Stored entries:
--- START ---

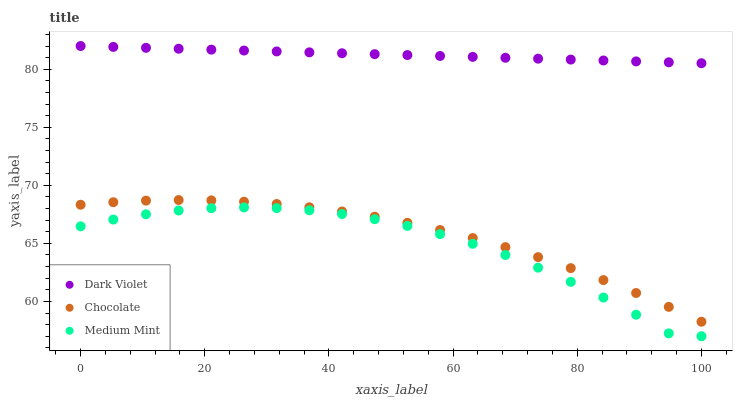Does Medium Mint have the minimum area under the curve?
Answer yes or no. Yes. Does Dark Violet have the maximum area under the curve?
Answer yes or no. Yes. Does Chocolate have the minimum area under the curve?
Answer yes or no. No. Does Chocolate have the maximum area under the curve?
Answer yes or no. No. Is Dark Violet the smoothest?
Answer yes or no. Yes. Is Medium Mint the roughest?
Answer yes or no. Yes. Is Chocolate the smoothest?
Answer yes or no. No. Is Chocolate the roughest?
Answer yes or no. No. Does Medium Mint have the lowest value?
Answer yes or no. Yes. Does Chocolate have the lowest value?
Answer yes or no. No. Does Dark Violet have the highest value?
Answer yes or no. Yes. Does Chocolate have the highest value?
Answer yes or no. No. Is Medium Mint less than Dark Violet?
Answer yes or no. Yes. Is Dark Violet greater than Chocolate?
Answer yes or no. Yes. Does Medium Mint intersect Dark Violet?
Answer yes or no. No. 
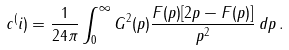<formula> <loc_0><loc_0><loc_500><loc_500>c ^ { ( } i ) = \frac { 1 } { 2 4 \pi } \int _ { 0 } ^ { \infty } G ^ { 2 } ( p ) \frac { F ( p ) [ 2 p - F ( p ) ] } { p ^ { 2 } } \, d p \, .</formula> 
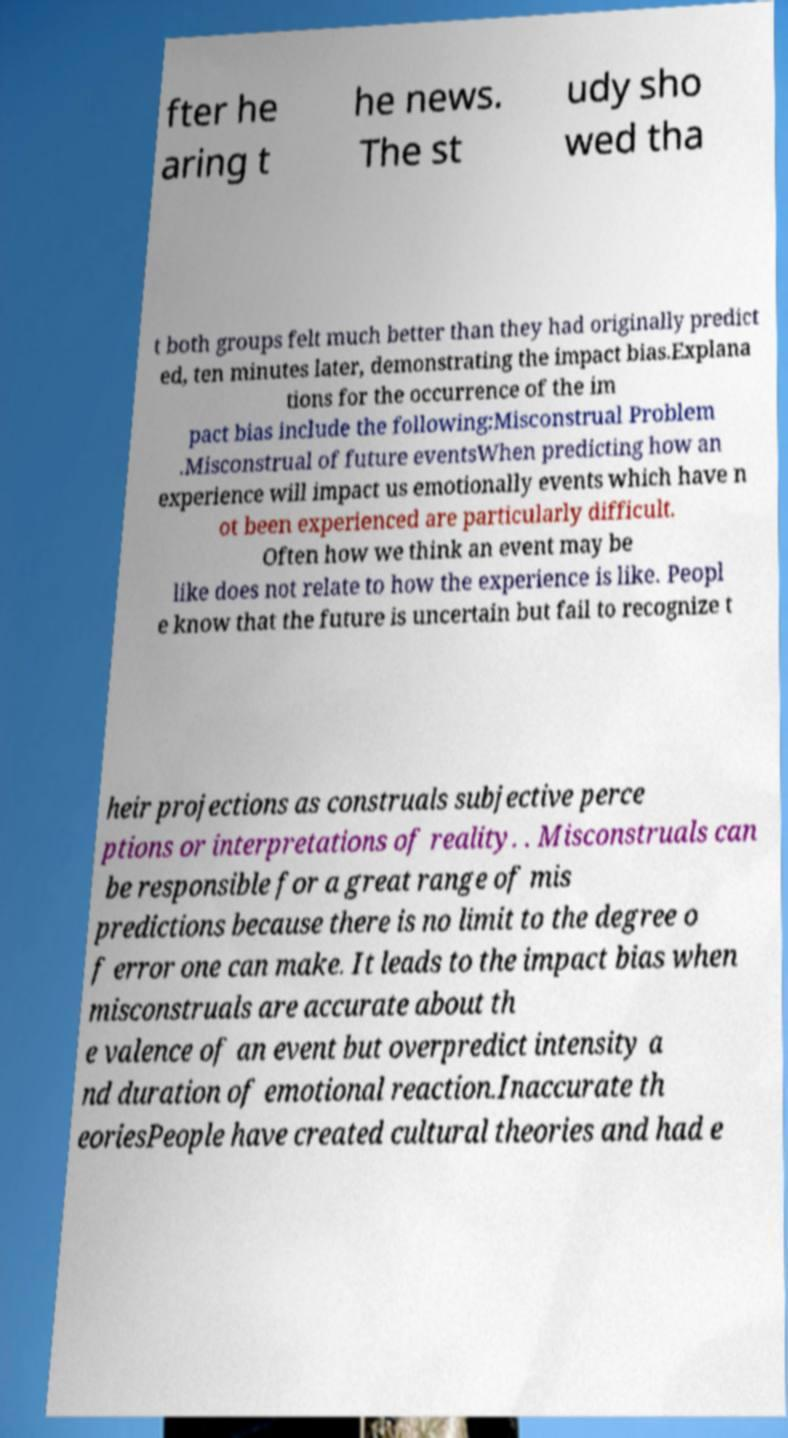Please identify and transcribe the text found in this image. fter he aring t he news. The st udy sho wed tha t both groups felt much better than they had originally predict ed, ten minutes later, demonstrating the impact bias.Explana tions for the occurrence of the im pact bias include the following:Misconstrual Problem .Misconstrual of future eventsWhen predicting how an experience will impact us emotionally events which have n ot been experienced are particularly difficult. Often how we think an event may be like does not relate to how the experience is like. Peopl e know that the future is uncertain but fail to recognize t heir projections as construals subjective perce ptions or interpretations of reality. . Misconstruals can be responsible for a great range of mis predictions because there is no limit to the degree o f error one can make. It leads to the impact bias when misconstruals are accurate about th e valence of an event but overpredict intensity a nd duration of emotional reaction.Inaccurate th eoriesPeople have created cultural theories and had e 
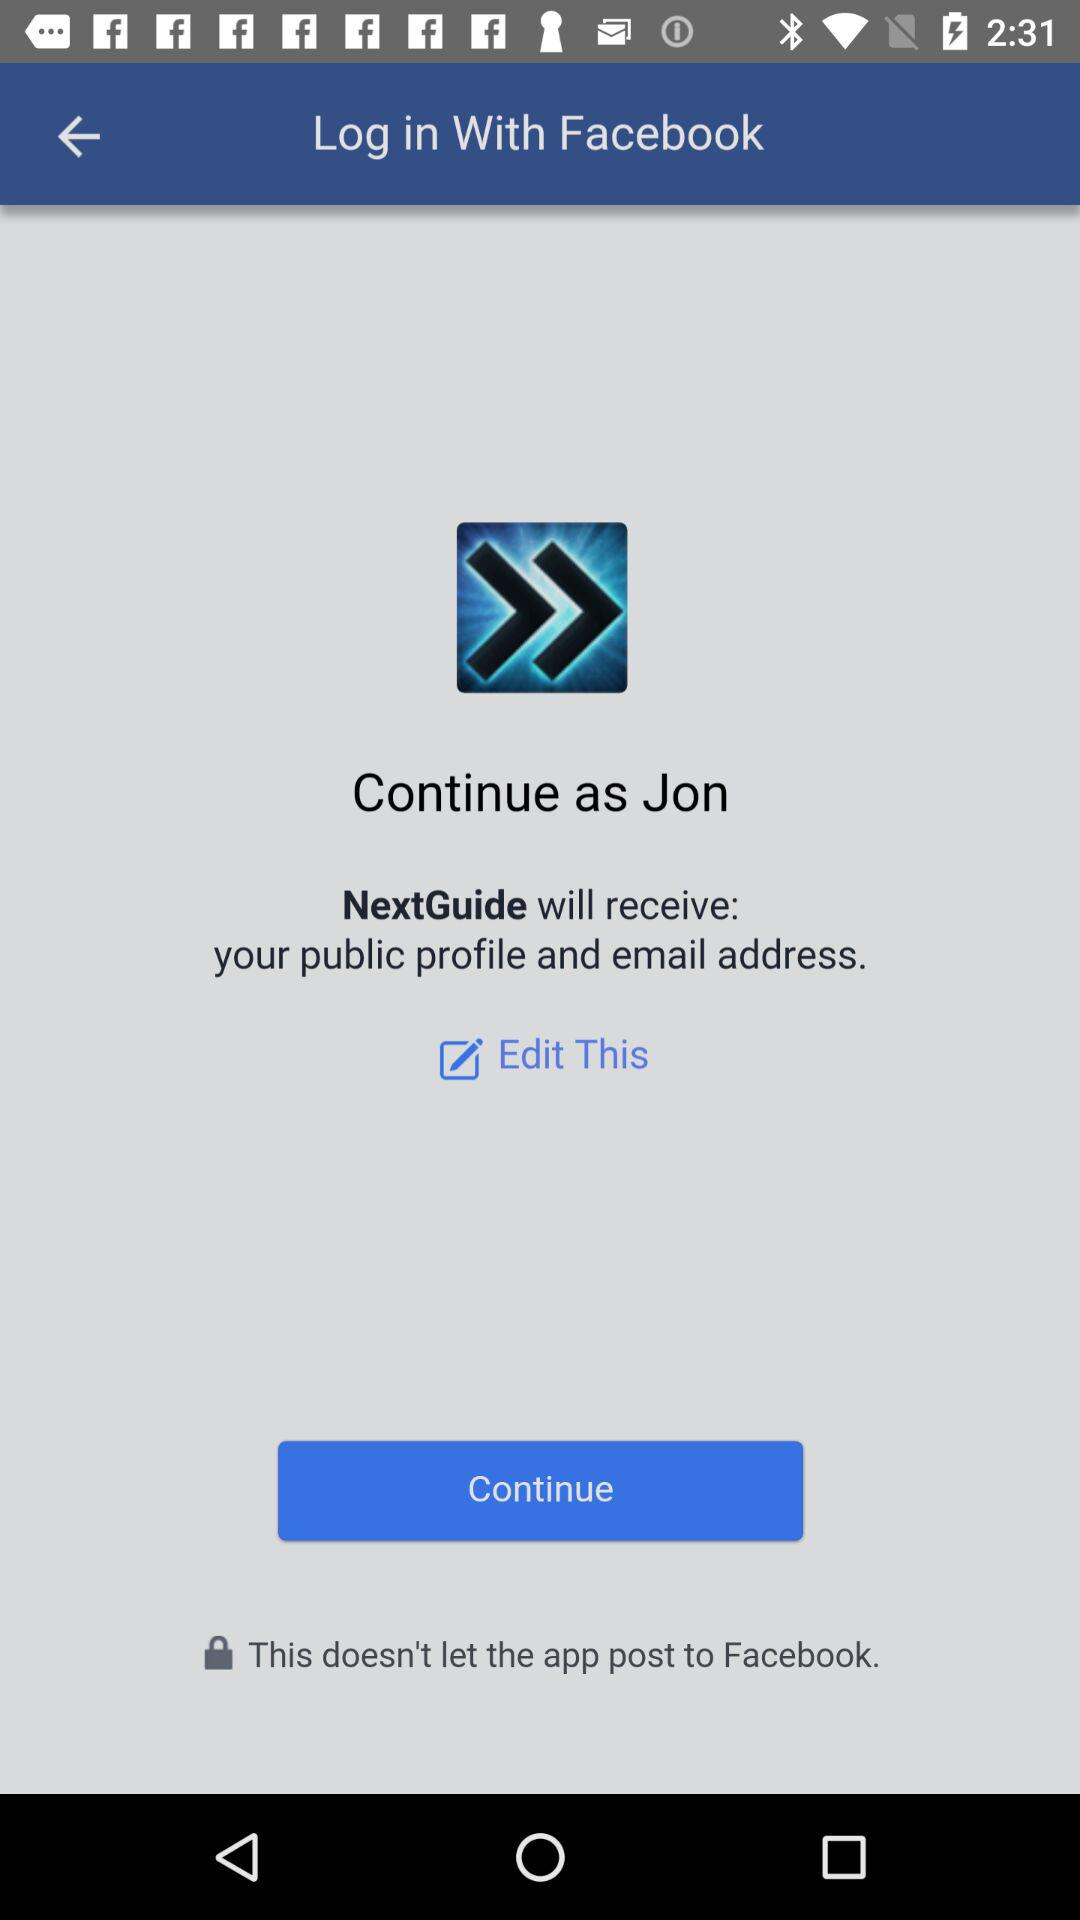What is the login name? The login name is Jon. 
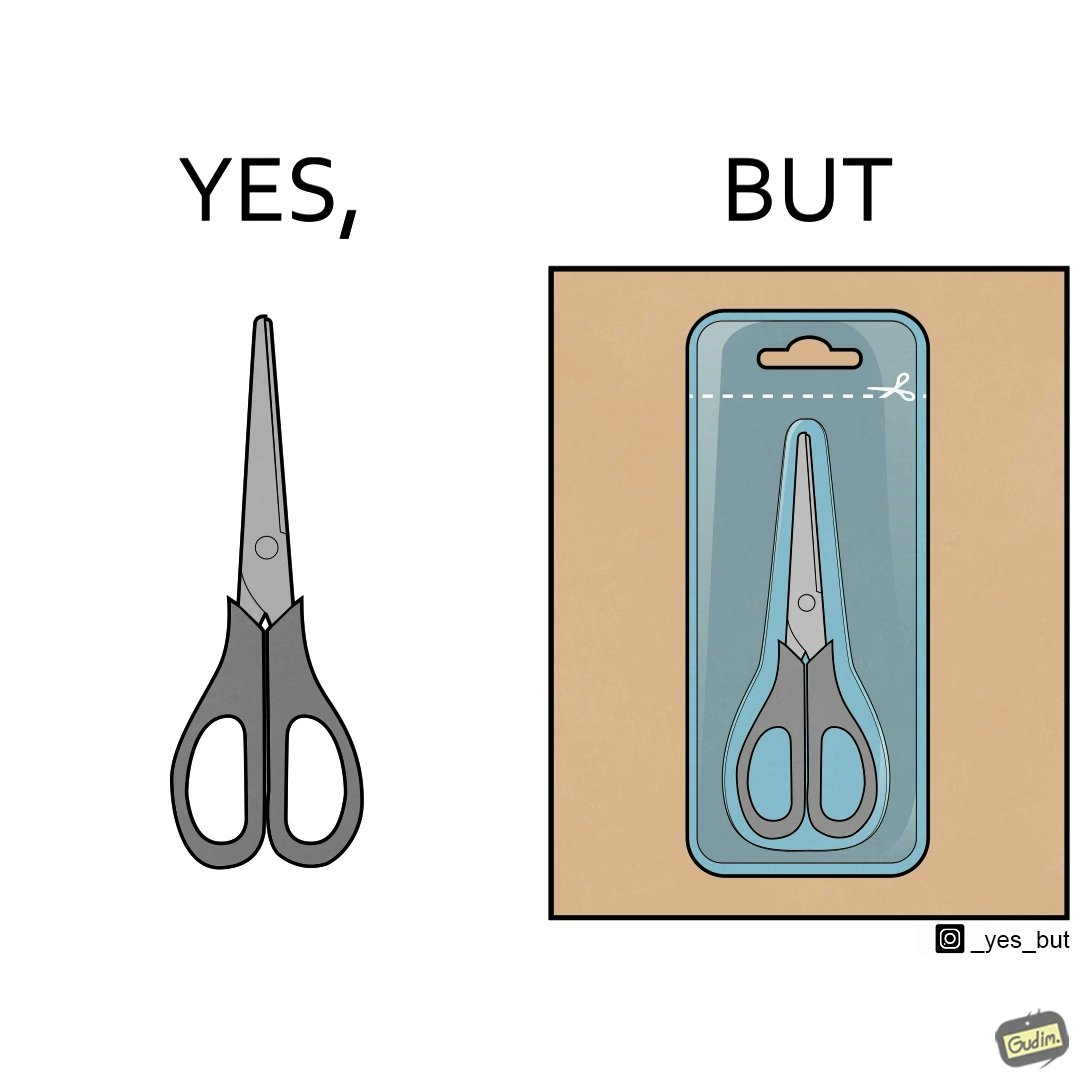Explain the humor or irony in this image. the image is funny, as the marking at the top of the packaging shows that you would need a pair of scissors to in-turn cut open the pair of scissors that is inside the packaging. 
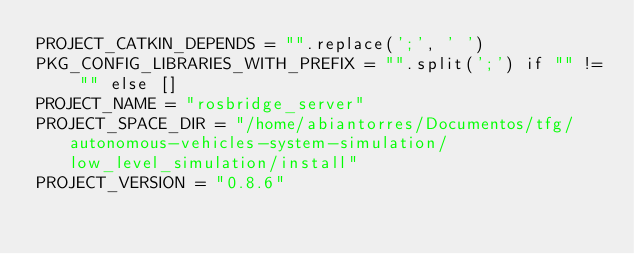Convert code to text. <code><loc_0><loc_0><loc_500><loc_500><_Python_>PROJECT_CATKIN_DEPENDS = "".replace(';', ' ')
PKG_CONFIG_LIBRARIES_WITH_PREFIX = "".split(';') if "" != "" else []
PROJECT_NAME = "rosbridge_server"
PROJECT_SPACE_DIR = "/home/abiantorres/Documentos/tfg/autonomous-vehicles-system-simulation/low_level_simulation/install"
PROJECT_VERSION = "0.8.6"
</code> 
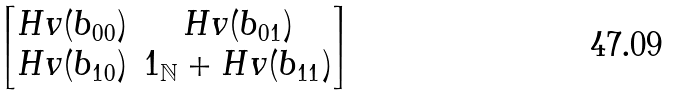<formula> <loc_0><loc_0><loc_500><loc_500>\begin{bmatrix} H v ( b _ { 0 0 } ) & H v ( b _ { 0 1 } ) \\ H v ( b _ { 1 0 } ) & 1 _ { \mathbb { N } } + H v ( b _ { 1 1 } ) \end{bmatrix}</formula> 
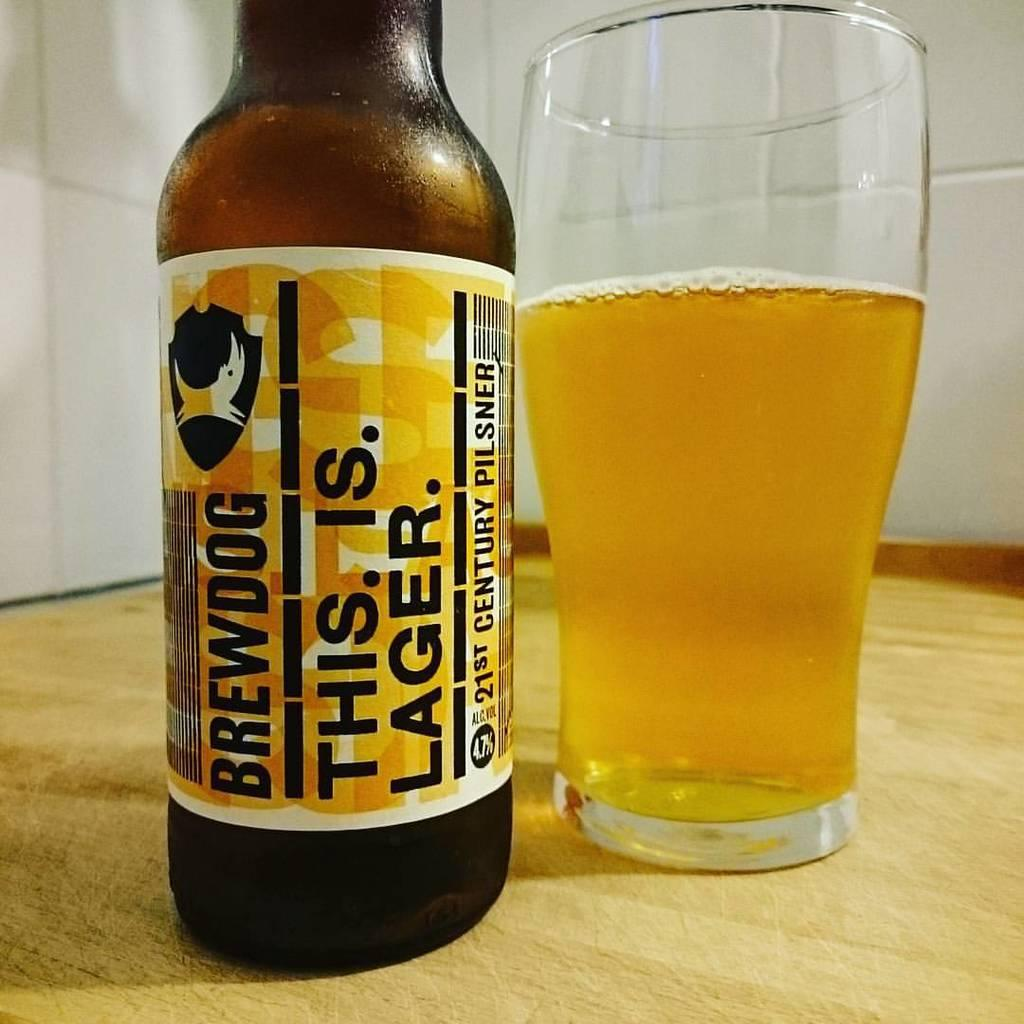<image>
Offer a succinct explanation of the picture presented. a glass filled with brewdog lagar. its slogan being this. is. lager 
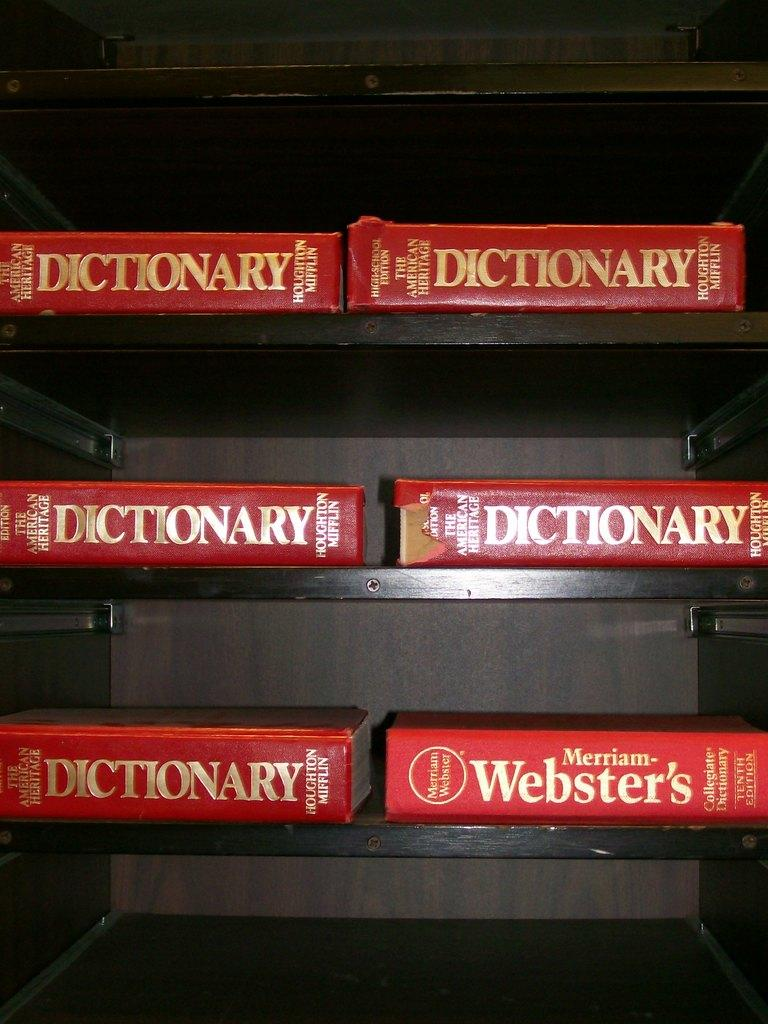<image>
Write a terse but informative summary of the picture. Six red Webster's dictionaries in gold lettering on black shelves.

--- END ---

_Your assignment_
Search the records for the word "Violet", then list every line that has it.

_Worked solution_
Answer yes or no. Yes. Does Dark Violet have the maximum area under the curve?
Answer yes or no. No. Is Dark Violet the smoothest?
Answer yes or no. No. Does Dark Violet have the highest value?
Answer yes or no. No. Is Medium Mint less than Dark Violet?
Answer yes or no. Yes. Is Dark Violet greater than Chocolate?
Answer yes or no. Yes. Does Medium Mint intersect Dark Violet?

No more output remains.